*** Begin section ***

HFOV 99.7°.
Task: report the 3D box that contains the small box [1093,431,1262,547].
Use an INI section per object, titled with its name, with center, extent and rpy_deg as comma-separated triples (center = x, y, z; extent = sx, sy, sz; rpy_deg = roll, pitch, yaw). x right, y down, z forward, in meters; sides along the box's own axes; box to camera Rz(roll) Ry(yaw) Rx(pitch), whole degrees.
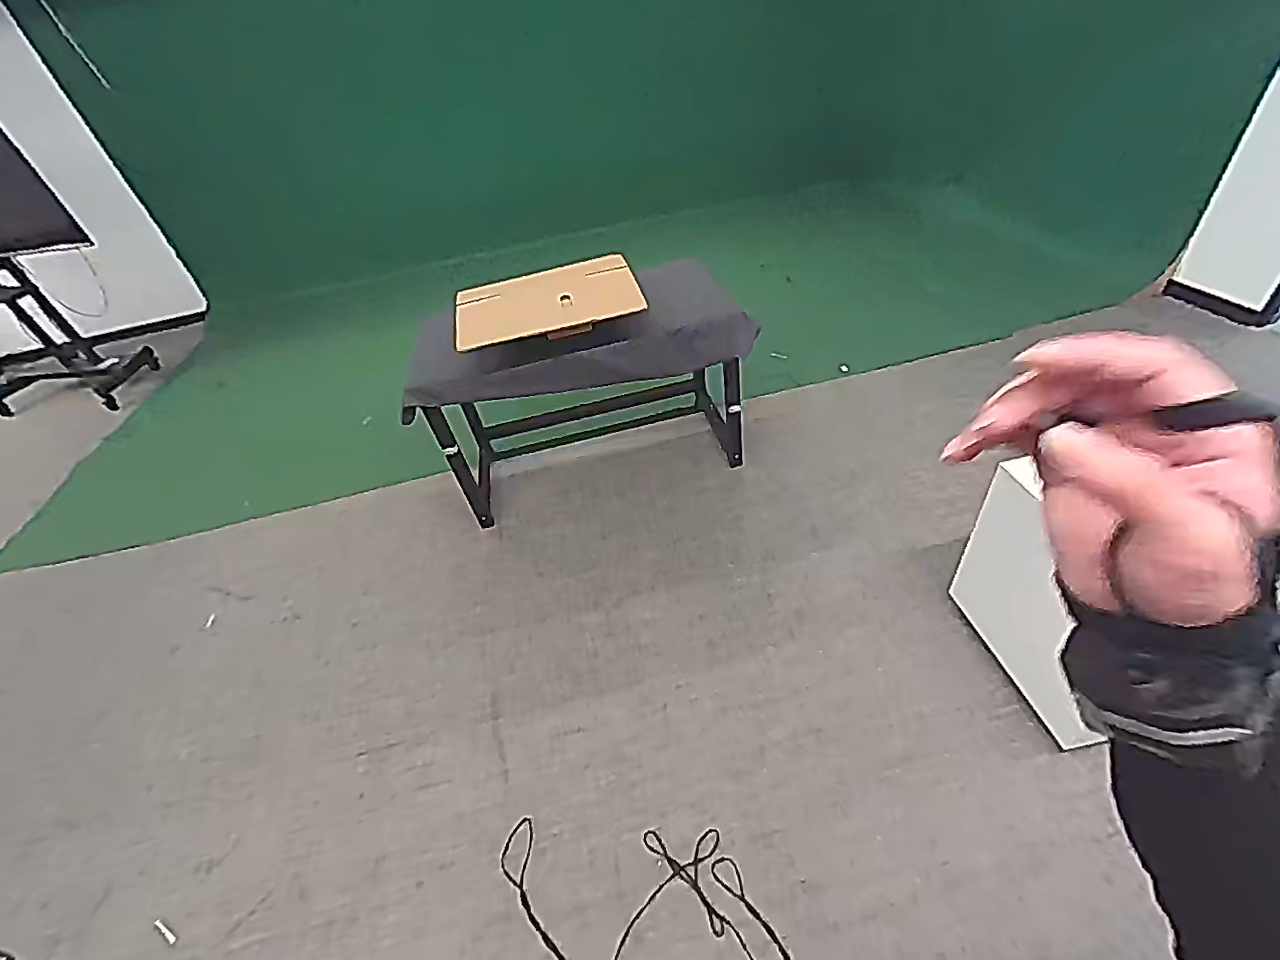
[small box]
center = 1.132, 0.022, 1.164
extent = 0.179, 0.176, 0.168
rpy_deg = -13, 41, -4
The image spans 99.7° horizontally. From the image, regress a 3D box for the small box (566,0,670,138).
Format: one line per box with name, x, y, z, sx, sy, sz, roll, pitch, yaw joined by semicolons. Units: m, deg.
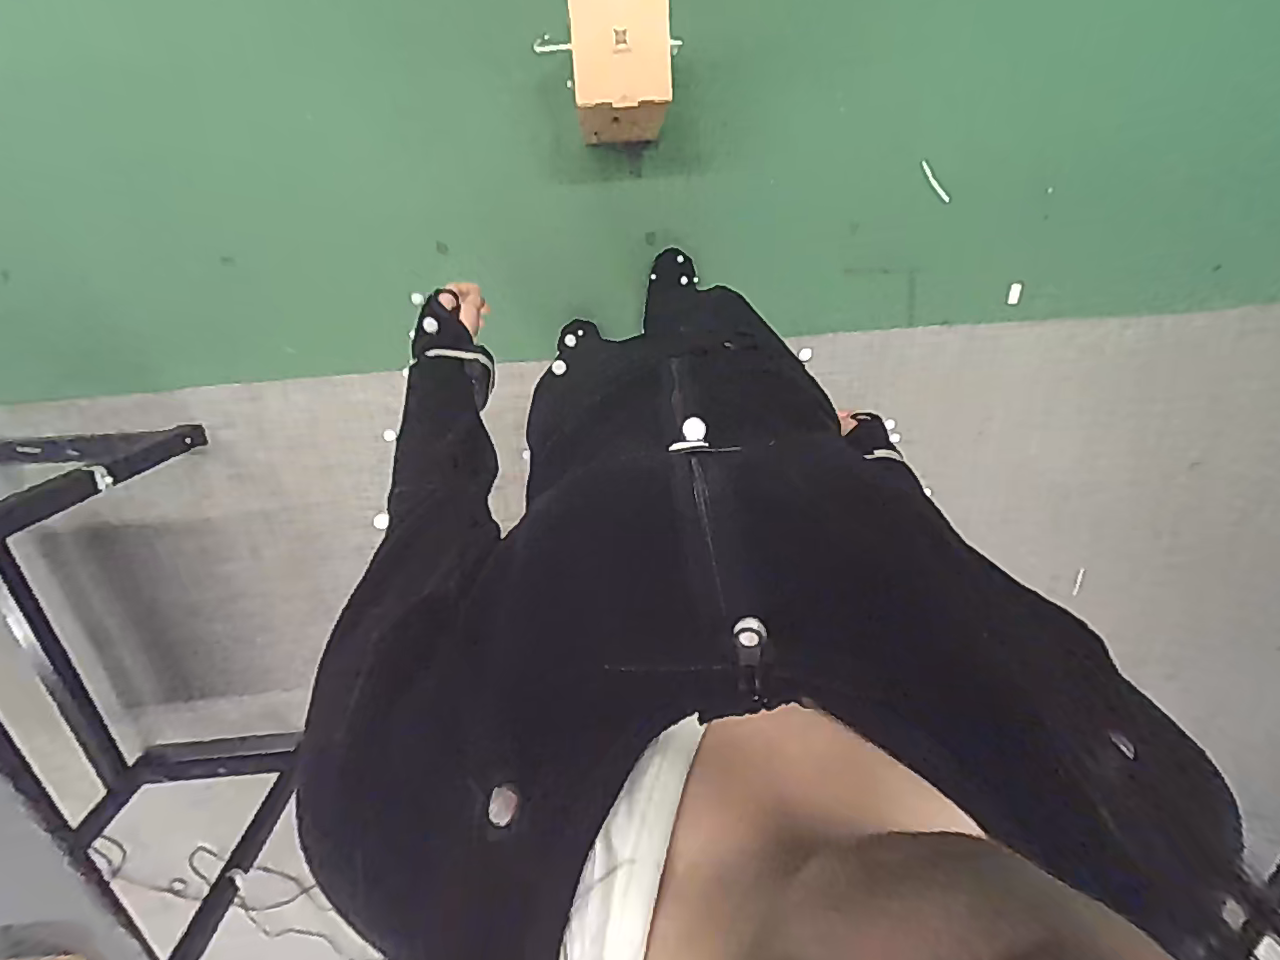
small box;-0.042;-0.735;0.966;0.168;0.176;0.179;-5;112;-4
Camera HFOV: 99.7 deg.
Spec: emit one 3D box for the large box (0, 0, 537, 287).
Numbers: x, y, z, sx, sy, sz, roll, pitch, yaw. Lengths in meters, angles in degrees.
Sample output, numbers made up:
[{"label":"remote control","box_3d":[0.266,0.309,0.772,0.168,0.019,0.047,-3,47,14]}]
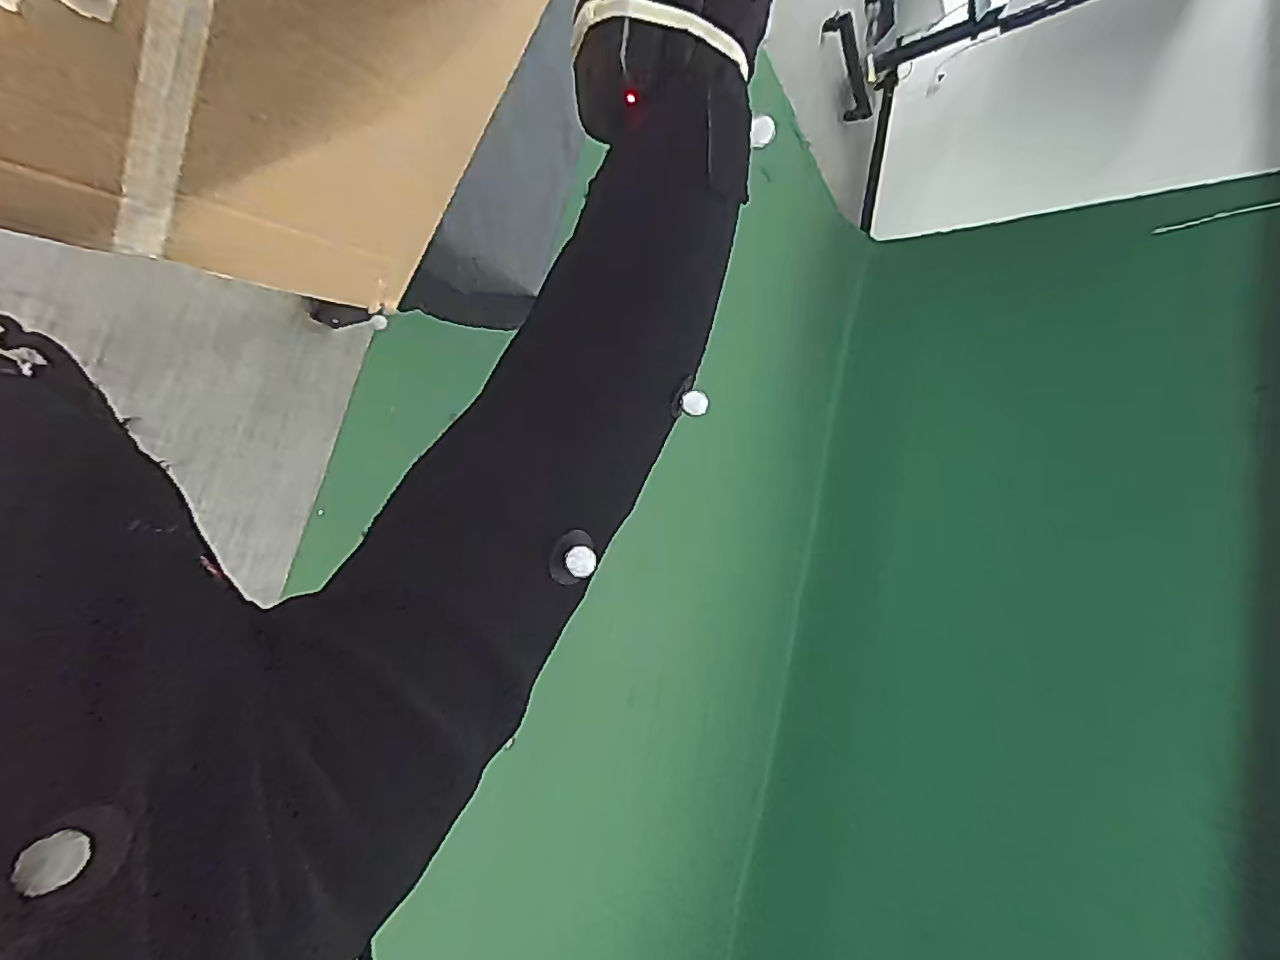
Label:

*** End section ***

* _Task to carry out_
Please copy exactly, and only, the lines from the one that contains "The image spans" through the last line of the data above, omitting all pictures.

* _Task answer_
The image spans 99.7° horizontally. From the image, regress a 3D box for the small box (566,0,670,138).
Format: one line per box with name, x, y, z, sx, sy, sz, roll, pitch, yaw joined by semicolons. Units: m, deg.
small box;-0.042;-0.735;0.966;0.168;0.176;0.179;-5;112;-4
Camera HFOV: 99.7 deg.
Spec: emit one 3D box for the large box (0, 0, 537, 287).
Numbers: x, y, z, sx, sy, sz, roll, pitch, yaw. Lengths in meters, angles in degrees.
Sample output, numbers made up:
[{"label":"remote control","box_3d":[0.266,0.309,0.772,0.168,0.019,0.047,-3,47,14]}]
Label:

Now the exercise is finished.